Until Kawhi Leonard, who is now with the Los Angeles Clippers, the most well-known Aztec basketball player other than Cage was Baseball Hall of Famer Tony Gwynn. A point guard from 1977 to 1981, Gwynn remains the school’s career assists leader (590) and coached the school’s baseball team after his retirement.
“Completely different worlds, quite frankly,” said Tony Gwynn Jr., who played baseball for his dad in school from 2000 to 2003 and is now the Padres’ radio analyst after a major league career. . “I remember Coach Dutcher personally walking around campus and inviting students to games. He was on campus all the time, it was like.
Even with Leonard and, finally, a plush arena with a boisterous student section, the Aztecs felt capable of more. What they thought was a winnable game ended in a loss to Connecticut in the Round of 16 of the 2011 tournament in front of a friendly crowd in Anaheim, California.

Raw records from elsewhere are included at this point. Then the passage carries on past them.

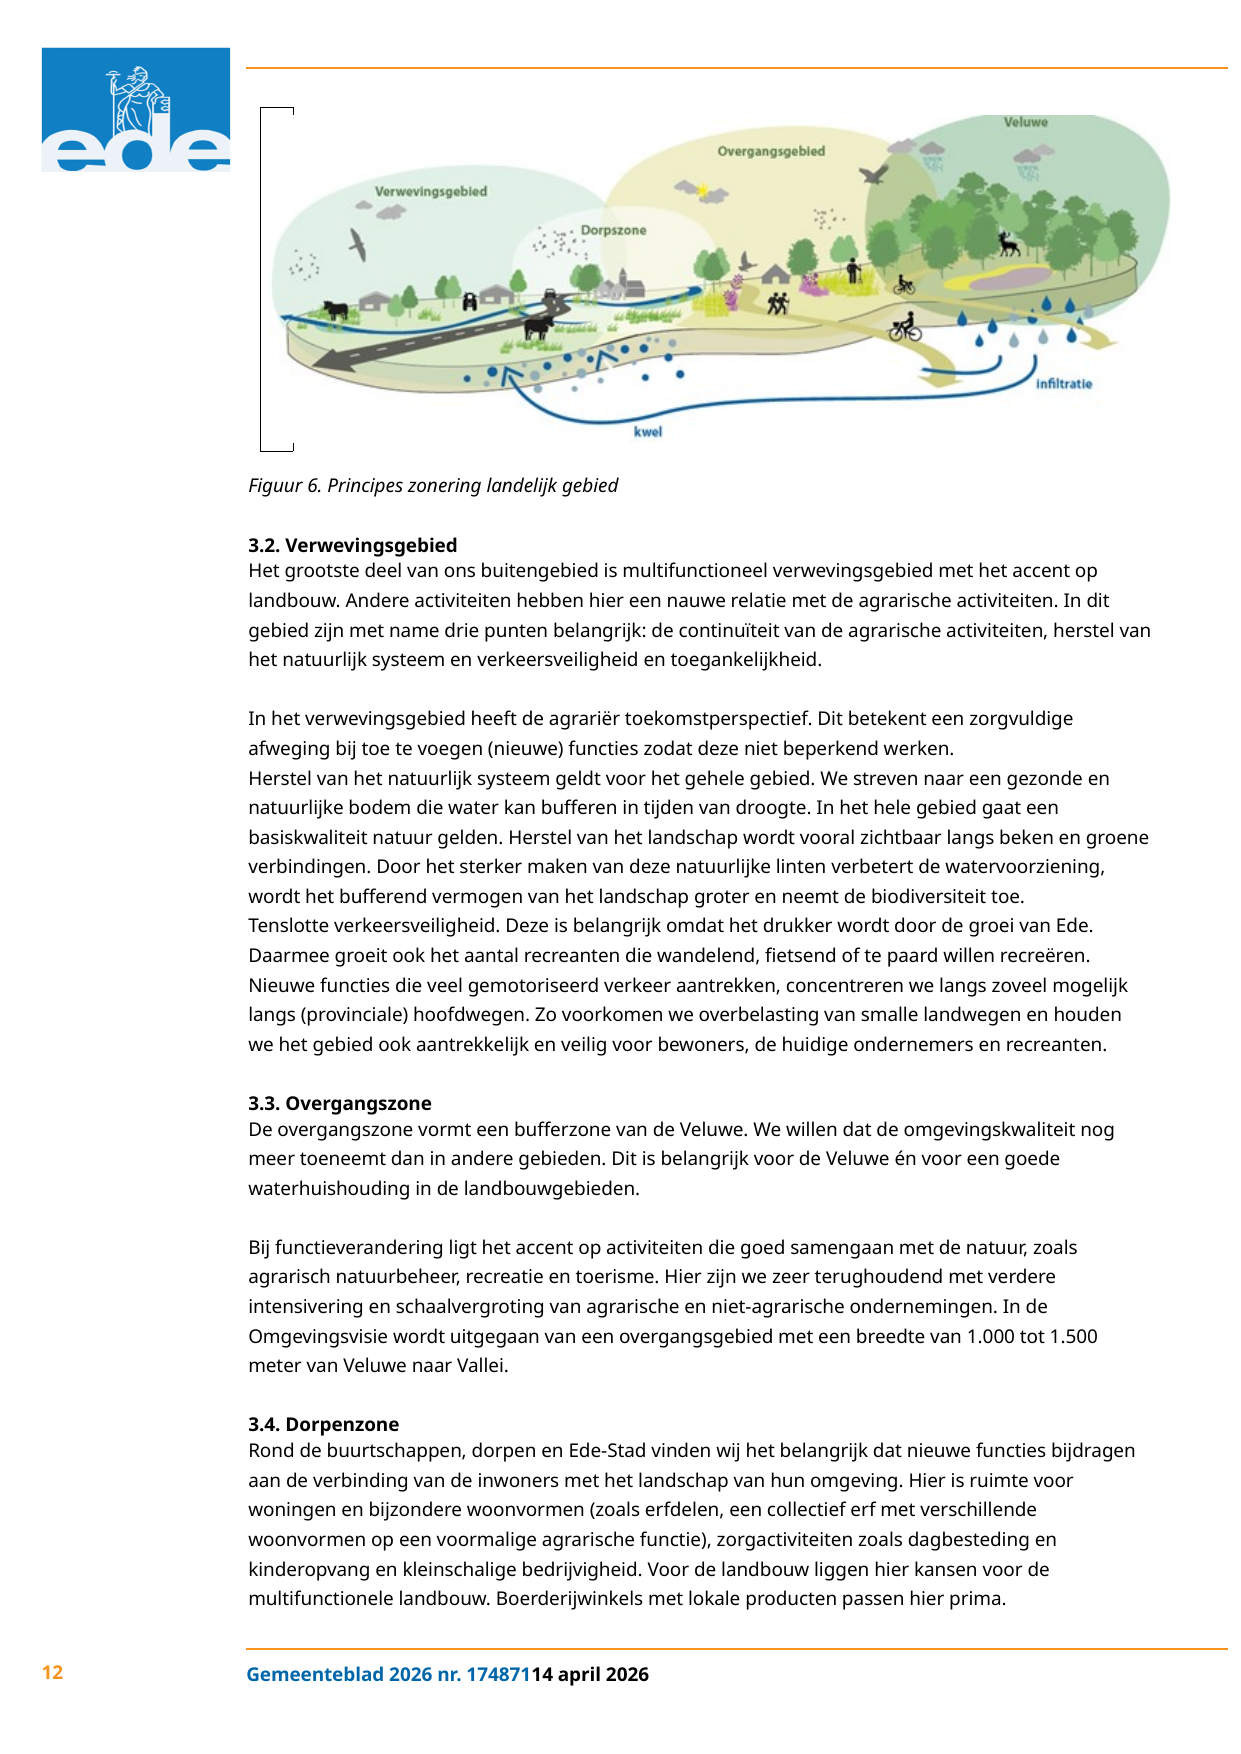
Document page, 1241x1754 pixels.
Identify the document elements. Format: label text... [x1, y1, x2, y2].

text Het grootste deel van ons buitengebied is multifunctioneel verwevingsgebied met het accent op landbouw. Andere activiteiten hebben hier een nauwe relatie met de agrarische activiteiten. In dit gebied zijn met name drie punten belangrijk: de continuïteit van de agrarische activiteiten, herstel van het natuurlijk systeem en verkeersveiligheid en toegankelijkheid. [248, 558, 1152, 672]
text 3.4. Dorpenzone [248, 1412, 1152, 1437]
text Bij functieverandering ligt het accent op activiteiten die goed samengaan met de natuur, zoals agrarisch natuurbeheer, recreatie en toerisme. Hier zijn we zeer terughoudend met verdere intensivering en schaalvergroting van agrarische en niet-agrarische ondernemingen. In de Omgevingsvisie wordt uitgegaan van een overgangsgebied met een breedte van 1.000 tot 1.500 meter van Veluwe naar Vallei. [248, 1234, 1152, 1378]
text De overgangszone vormt een bufferzone van de Veluwe. We willen dat de omgevingskwaliteit nog meer toeneemt dan in andere gebieden. Dit is belangrijk voor de Veluwe én voor een goede waterhuishouding in de landbouwgebieden. [248, 1116, 1152, 1201]
picture [41, 47, 231, 172]
text Tenslotte verkeersveiligheid. Deze is belangrijk omdat het drukker wordt door de groei van Ede. Daarmee groeit ook het aantal recreanten die wandelend, fietsend of te paard willen recreëren. Nieuwe functies die veel gemotoriseerd verkeer aantrekken, concentreren we langs zoveel mogelijk langs (provinciale) hoofdwegen. Zo voorkomen we overbelasting van smalle landwegen en houden we het gebied ook aantrekkelijk en veilig voor bewoners, de huidige ondernemers en recreanten. [248, 913, 1152, 1057]
text 3.2. Verwevingsgebied [248, 532, 1152, 558]
text In het verwevingsgebied heeft de agrariër toekomstperspectief. Dit betekent een zorgvuldige afweging bij toe te voegen (nieuwe) functies zodat deze niet beperkend werken. [248, 706, 1152, 761]
text 3.3. Overgangszone [248, 1090, 1152, 1116]
text Herstel van het natuurlijk systeem geldt voor het gehele gebied. We streven naar een gezonde en natuurlijke bodem die water kan bufferen in tijden van droogte. In het hele gebied gaat een basiskwaliteit natuur gelden. Herstel van het landschap wordt vooral zichtbaar langs beken en groene verbindingen. Door het sterker maken van deze natuurlijke linten verbetert de watervoorziening, wordt het bufferend vermogen van het landschap groter en neemt de biodiversiteit toe. [248, 765, 1152, 909]
picture [268, 115, 1173, 443]
text Rond de buurtschappen, dorpen en Ede-Stad vinden wij het belangrijk dat nieuwe functies bijdragen aan de verbinding van de inwoners met het landschap van hun omgeving. Hier is ruimte voor woningen en bijzondere woonvormen (zoals erfdelen, een collectief erf met verschillende woonvormen op een voormalige agrarische functie), zorgactiviteiten zoals dagbesteding en kinderopvang en kleinschalige bedrijvigheid. Voor de landbouw liggen hier kansen voor de multifunctionele landbouw. Boerderijwinkels met lokale producten passen hier prima. [248, 1437, 1152, 1611]
text Figuur 6. Principes zonering landelijk gebied [248, 473, 1152, 498]
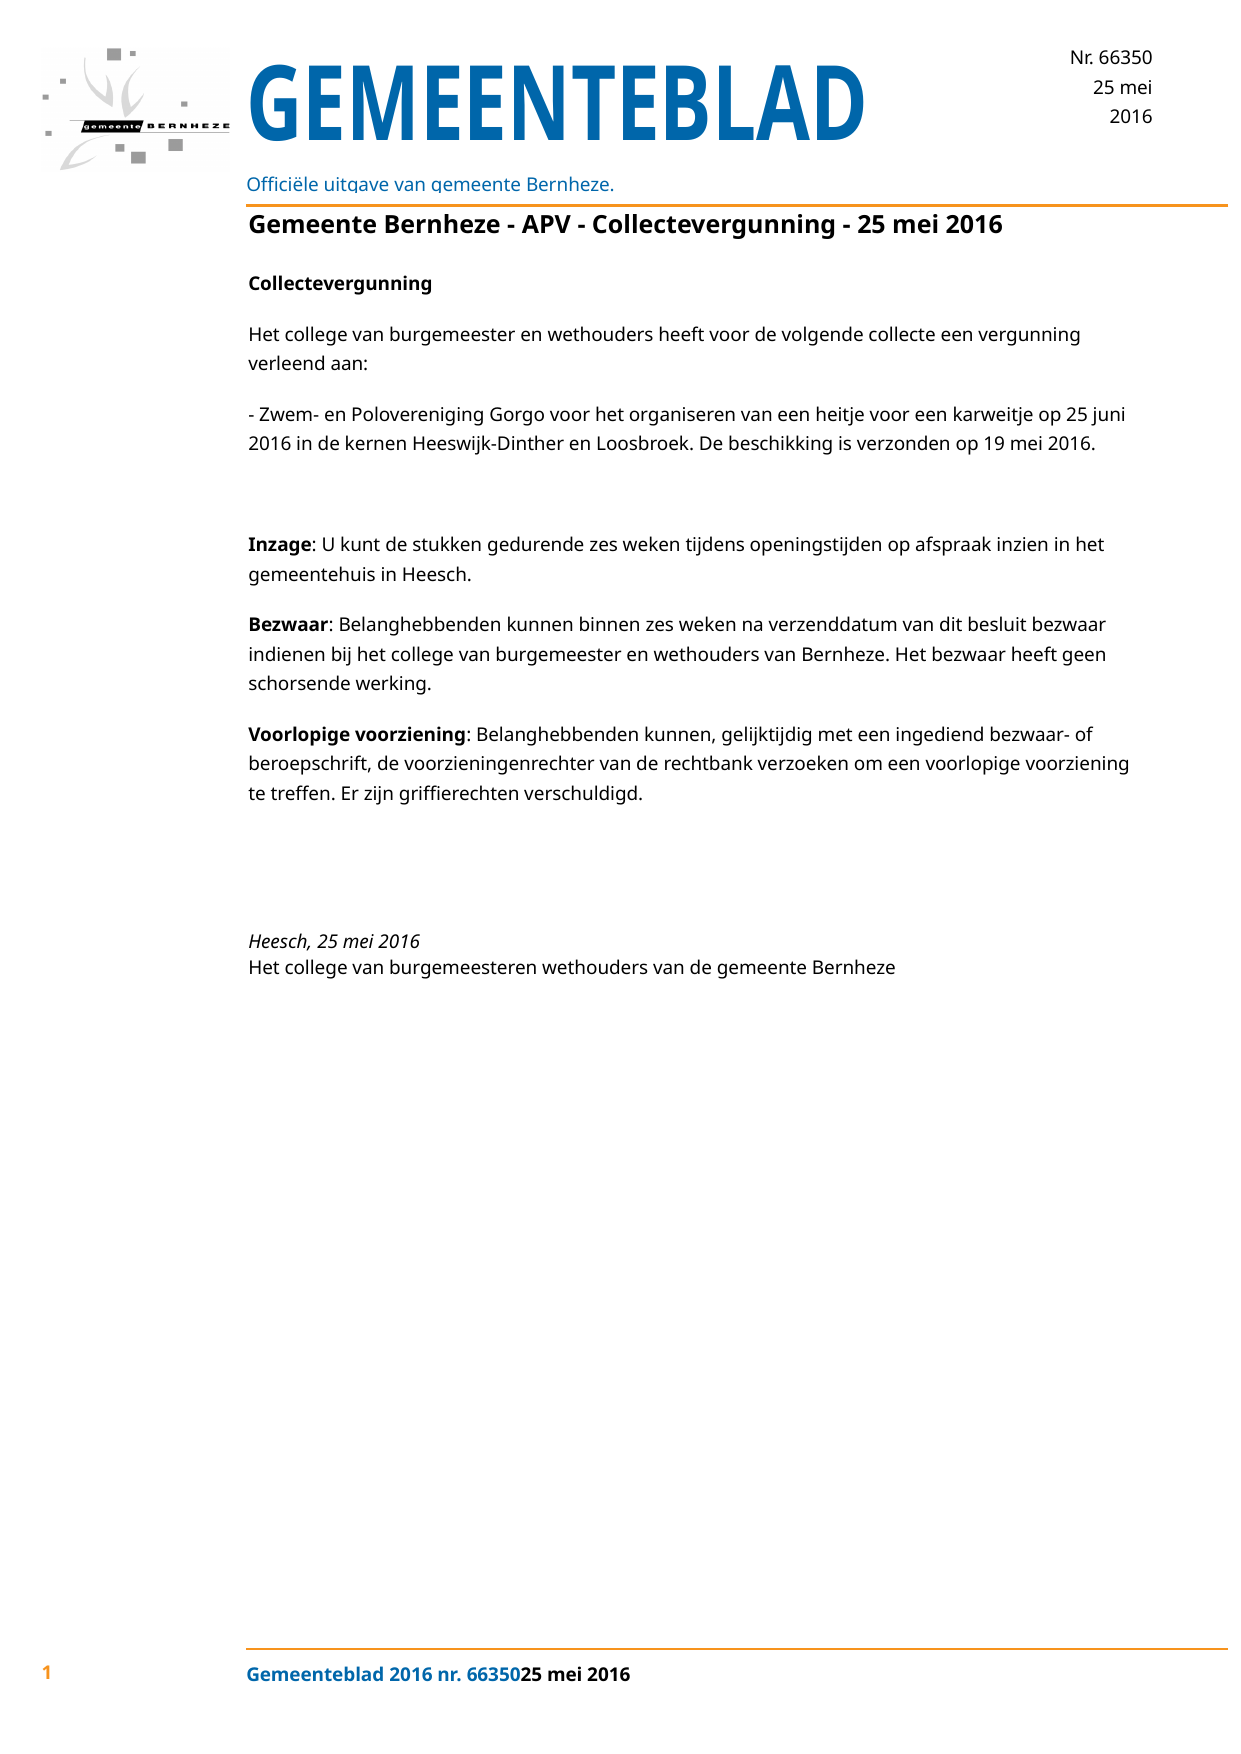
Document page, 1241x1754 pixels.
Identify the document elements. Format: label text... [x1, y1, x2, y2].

text Inzage: U kunt de stukken gedurende zes weken tijdens openingstijden op afspraak inzien in het gemeentehuis in Heesch. [248, 531, 1152, 586]
text Gemeente Bernheze - APV - Collectevergunning - 25 mei 2016 [248, 207, 1152, 241]
text Het college van burgemeesteren wethouders van de gemeente Bernheze [248, 954, 1152, 980]
text Voorlopige voorziening: Belanghebbenden kunnen, gelijktijdig met een ingediend bezwaar- of beroepschrift, de voorzieningenrechter van de rechtbank verzoeken om een voorlopige voorziening te treffen. Er zijn griffierechten verschuldigd. [248, 721, 1152, 806]
text Bezwaar: Belanghebbenden kunnen binnen zes weken na verzenddatum van dit besluit bezwaar indienen bij het college van burgemeester en wethouders van Bernheze. Het bezwaar heeft geen schorsende werking. [248, 611, 1152, 696]
text Het college van burgemeester en wethouders heeft voor de volgende collecte een vergunning verleend aan: [248, 321, 1152, 376]
picture [41, 47, 231, 172]
text Collectevergunning [248, 270, 1152, 296]
text Heesch, 25 mei 2016 [248, 928, 1152, 954]
text - Zwem- en Polovereniging Gorgo voor het organiseren van een heitje voor een karweitje op 25 juni 2016 in de kernen Heeswijk-Dinther en Loosbroek. De beschikking is verzonden op 19 mei 2016. [248, 401, 1152, 456]

It was a contest that resulted in two questionable technical fouls against San Diego State, including one against Leonard. UConn won the national title this season.
UConn, which faces Miami in the other semifinal on Saturday, is hiding in Houston, but for now it’s a 35-3 Florida Atlantic team the Aztecs are focusing on.
“It would be like us with our 30-2 team, people asking, ‘Do they look like a Power 5 conference team? ‘” Dutcher said. “We were 30-2 and had the best record in the country, and they’re the same way right now. They should be respected for that.
San Diego State’s 31 win percentage is tied for third in Division I. And since the start of this 2019-20 season, the Aztecs’ 82.9 winning percentage ranks third behind Gonzaga and Houston.
The Aztecs prove themselves on defense and, in four games, this tournament holds opponents to 17 percent on 3-point shooting (16 for 94).
“It’s a testament to the culture that Coach Fisher and Coach Dutcher have built at SDSU,” Gwynn Jr. said, referring to the team’s two 30-game winning campaigns in four years. “These kind of seasons don’t happen all the time, even for blue bloods, do they?”
Where they rarely filled the tiny Peterson Gym, the Final Four Aztecs were greeted by students and supporters as they returned to the South Regional campus in Louisville, Ky., at 1 a.m. Monday. Guards Lamont Butler and Darrion Trammell, who made the game-winning free throw in the regional final against Creighton, spoke on Tuesday about posing for selfies and receiving kudos during a trip to the beach later during the day. Cage, who was excused from two Thunder shows this weekend so he could attend the Final Four, said he’s heard from more Aztec fans this week than ever before.
According to Dutcher, the basketball program is now the “gateway” to a “great university.”
“We can’t say the Final Four is the end of everything,” Dutcher said. “It’s the start. So now we have to try to find a way to win two games and hang a championship banner.